Space Cadets — a place where it seems as though the inventory was plucked from every far reach of the galaxy imaginable — has been forced to vacate the premises at 450 Main St. The deadline is Friday, and there’s not much that can be done about it.

The beginning of the end started on March 1. A new property management company from out of state purchased the building and informed owner, Bleu Grijalva, that the rent would be increasing from $3,300 a month to $5,800 a month.

For a business that had gotten by on thin margins (or even operated in the red) since it opened about six years ago as a temporary pop-up on Black Friday, it was effectively a notice of termination for their operations.

“As of Friday night this is all done, lost to the ether,” Grijalva said on Monday afternoon, as people browsed the eclectic offerings throughout the store.

They put up a fight, and tried to meet with the new ownership to negotiate some kind of compromise, but there was no budging the decision. Eventually they were taken to court and served an eviction notice. A fundraiser to help raise money for legal fees and potentially save the shop garnered some money, but not nearly enough to sustain them long-term.

Despite their plight, Grijalva — a Laguna Beach native and self-described hippie who could spin a dropped ice cream cone into a positive learning experience — refuses to let himself by swallowed by the black hole that has rapidly surrounded him.

“I’m hoping this is a redemption experiment of sorts,” he said, offering that the shop closing would give him more time to dedicate to his kids and explore opportunities for what comes next. “Even through this process, community members have come through and offered help with moving, through loans, to save us. They feel like we’re a part of them. Gifts I could have never imagined.”

When asked his thoughts about how things unfolded, Grijalva refused to blame anybody or even vent in a negative way. His biggest concern was for the people who had come to frequent the shop; particularly those with special needs and disabilities who had found the shop to be a safe haven for them to come in and browse in a warm and accepting environment.

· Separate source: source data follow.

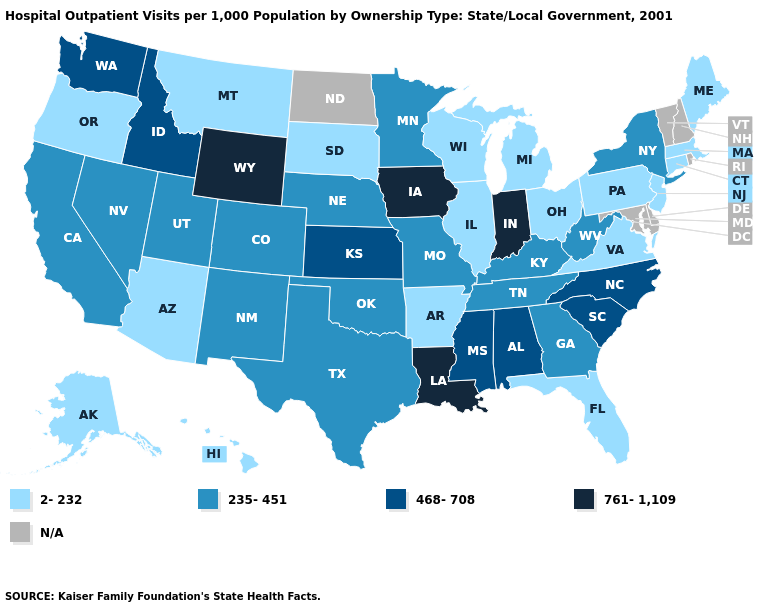Name the states that have a value in the range 468-708?
Short answer required. Alabama, Idaho, Kansas, Mississippi, North Carolina, South Carolina, Washington. Which states hav the highest value in the South?
Keep it brief. Louisiana. Which states have the highest value in the USA?
Give a very brief answer. Indiana, Iowa, Louisiana, Wyoming. What is the value of Mississippi?
Answer briefly. 468-708. What is the value of Illinois?
Concise answer only. 2-232. What is the value of Connecticut?
Write a very short answer. 2-232. What is the highest value in the USA?
Quick response, please. 761-1,109. What is the value of Oklahoma?
Be succinct. 235-451. What is the value of Louisiana?
Be succinct. 761-1,109. Which states have the lowest value in the USA?
Write a very short answer. Alaska, Arizona, Arkansas, Connecticut, Florida, Hawaii, Illinois, Maine, Massachusetts, Michigan, Montana, New Jersey, Ohio, Oregon, Pennsylvania, South Dakota, Virginia, Wisconsin. What is the value of Alaska?
Answer briefly. 2-232. Name the states that have a value in the range 235-451?
Be succinct. California, Colorado, Georgia, Kentucky, Minnesota, Missouri, Nebraska, Nevada, New Mexico, New York, Oklahoma, Tennessee, Texas, Utah, West Virginia. Name the states that have a value in the range 761-1,109?
Short answer required. Indiana, Iowa, Louisiana, Wyoming. What is the value of South Dakota?
Be succinct. 2-232.

“We’ve become more of a place of stability for people in this community. It’s a refuge for people to come in and dial down,” he said. “That’s what I worry about most, is them. Everything else is going to work out fine. It’s all going to work out the way it’s supposed to work out.”

Asked about plans going forward, Grijalva said it was a possibility to find another space nearby to store at least some of their most cherished inventory, but what he ultimately wants is to create a kind of “analog museum” — a snapshot of the world before it went digital and accelerated to its breakneck modern pace.

“Another idea that’s popped in my brain, the hippie in me, is to find a converted bus and take this show on the road,” he said.

Whatever lies ahead for Grijalva, you can bet that he’ll approach it with the same positive mindset. He talked about how the mailman who has walked the route including Space Cadets for the past 20-plus years would often share Buddhist proverbs with him, and how one recently struck him in a particularly meaningful way.

“It said to the effect of, ‘Sometimes storms happen not for destruction, but to clear a new path.’ So we’re clearing a new path,” he said. “And something beautiful is going to rise from this.”